The Other Conquest, film ambitieux du réalisateur Salvador Carrasco, péche de ne pas être un grand film épique. Le film se voulant épique n’arrive en effet pas à capturer la violence qui entoura la conquête du Mexique en 1521 et n’apporte pas pour autant une profondeur spirituelle qui expliquerait la conquête espagnole des aztèques et l’affrontement de deux religions symbolisées par la Vierge et la déesse aztèque Tonatzin. Et aprés les résultats décourageants de The Road to El Dorado (Dreamworks), cette tendance ne fait que confirmer l’échec cuisant des cinéastes actuels espérant attirer les spectateurs latinos sur les rimes simplistes des Nina, Pinta, et Santa Maria.
Damian Delgado y incarne Topiltzin, fils du roi Moctezuma, qui quelques années aprés la conquête du Mexique est l’un des derniers de sa race. Le codex (historique illustré) est l’ultime représentation de sa civilisation et de sa foi. Capturé par les espagnols, il n’est épargné que par l’intervention de sa noble soeur Tecuichpo (Elpidia Carrillo) devenue la compagne de Cortes, pour être confié aux bons soins de frère Fray Diego dans un but de conversion. S’en suit donc cette “other conquest” (autre conquête) de l’âme, et par la même un drâme classique: l’indien fier et entêté résiste à l’éthnocentrique religieux Fray Diego, dans un affrontement qui souligne la similarité des deux personnages (auncun d’eux ne trahira ses convictions). Cette bataille des volontés devient alors le thème porteur du film sans malheureusement tenter une exploration plus profonde de ce moment historique de fusion de deux religions. Le film suggère que la soif de religion est si forte qu’elle peut trouver des icônes de remplacement dans d’autres religions. Tonantzin et la vierge sont les même aux yeux du fidèle. Alors que sa dévotion à Tonantzin est flagrante, on ne peut que s’étonner de l'obsession de Topiltzin pour la Vierge Marie. Ainsi aprés des années passées à ignorer Fray Diego, il se prend du désir de voler la statue de Marie, mais dans quel but?
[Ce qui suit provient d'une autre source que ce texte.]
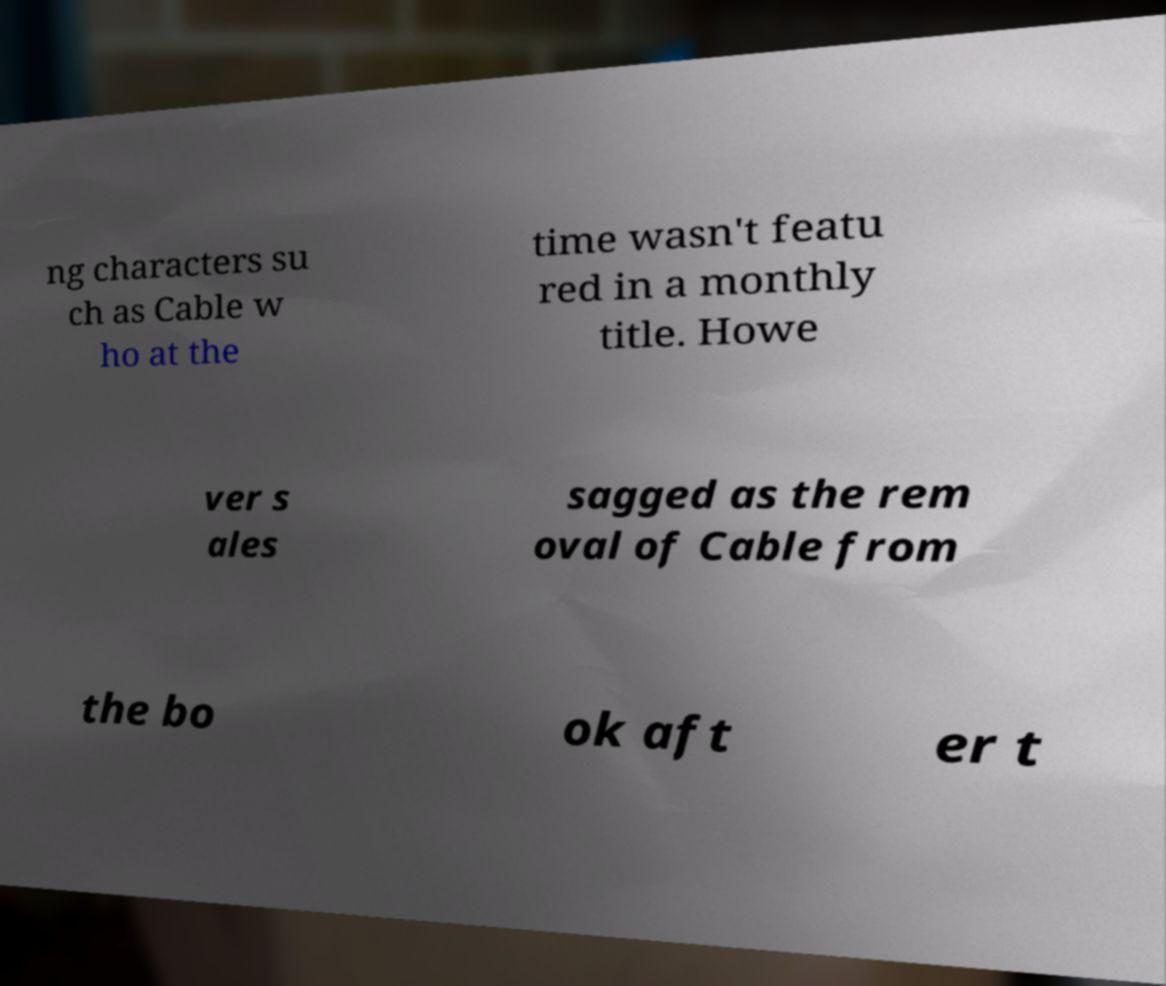Please identify and transcribe the text found in this image. ng characters su ch as Cable w ho at the time wasn't featu red in a monthly title. Howe ver s ales sagged as the rem oval of Cable from the bo ok aft er t

Est-il conquis ou veut-il la conquérir? On ne le saura jamais. Il périt et elle le survit. Fray Diego qui les découvre les réunira dans la mort. Dans quel but? Si le but du film était d’expliquer la première apparition de la Vierge de Guadalupe, il commence alors sur un mensonge.
La réalisation de Carrasco est inégale. Alors que certains moments sont surréels et capturent une certaine essence, quelque chose manque, l’absence de grandes scènes qui en ferait un grand film épique. Ce qu’il aurait fallu est un sentiment de perte et de grandeur. The Other Conquest est filmé comme si il y avait seulement une vingtaine d’aztèques et une poignée d’espagnols. De plus, l’absence de lumière donne l’impression que le tout ait été filmé en espace clos. Une lumière oppressante aurait pu démontrer la défaite des aztèques d’une façon plus convaincante. Le sacrifice de début est par contre visuellement saisissant et souligne l’esprit religieux et familial des aztèques, et par la même contraste avec la brutalité des espagnols. Si ceux-ci sont choqués par les pratiques de cette civilisation, ils n’ont aucun problème à justifier leur violence lorsqu’ils fouettent Topilzin avec une chaîne puis lui brûlent les pieds.
Le jeu des acteurs est parfois trop opulent par rapport au minimalisme extrême du film. Si Inaki Aierra est un convaincant arrogant Cortes et Damian Delgado apporte à Topiltzin une grace certaine, ils sont si prisonniers d’un scénario trop structuré, contraint et parfois si mélodramatique qu’aucun d’eux n’a la chance de pouvoir s’épanouir. Le personnage de Fray Diego est complexe, pris entre plusieurs feux, Dieu, l’or et la gloire dans Las Americas et n’hésite ainsi pas à appeler le langage aztèque la langue des chiens avant de préserver des morceaux du Codex dans sa bible.
En fait j’en attendais plus. Je voulais voir la bibliothèque aztèque en flammes, ressentir la perte et l’horreur tandis que des villes entières seraient détruites. Mettre les spectateurs dans cette situation aurait donné une vision plus étendue du chaos et de la fusion entre aztèques et espagnols.
Les désirs du réalisateur sont plus apparrents qu’ils ne convaient. En optant pour une fin ambigüe, il laisse la conquête spirituelle inexpliquée.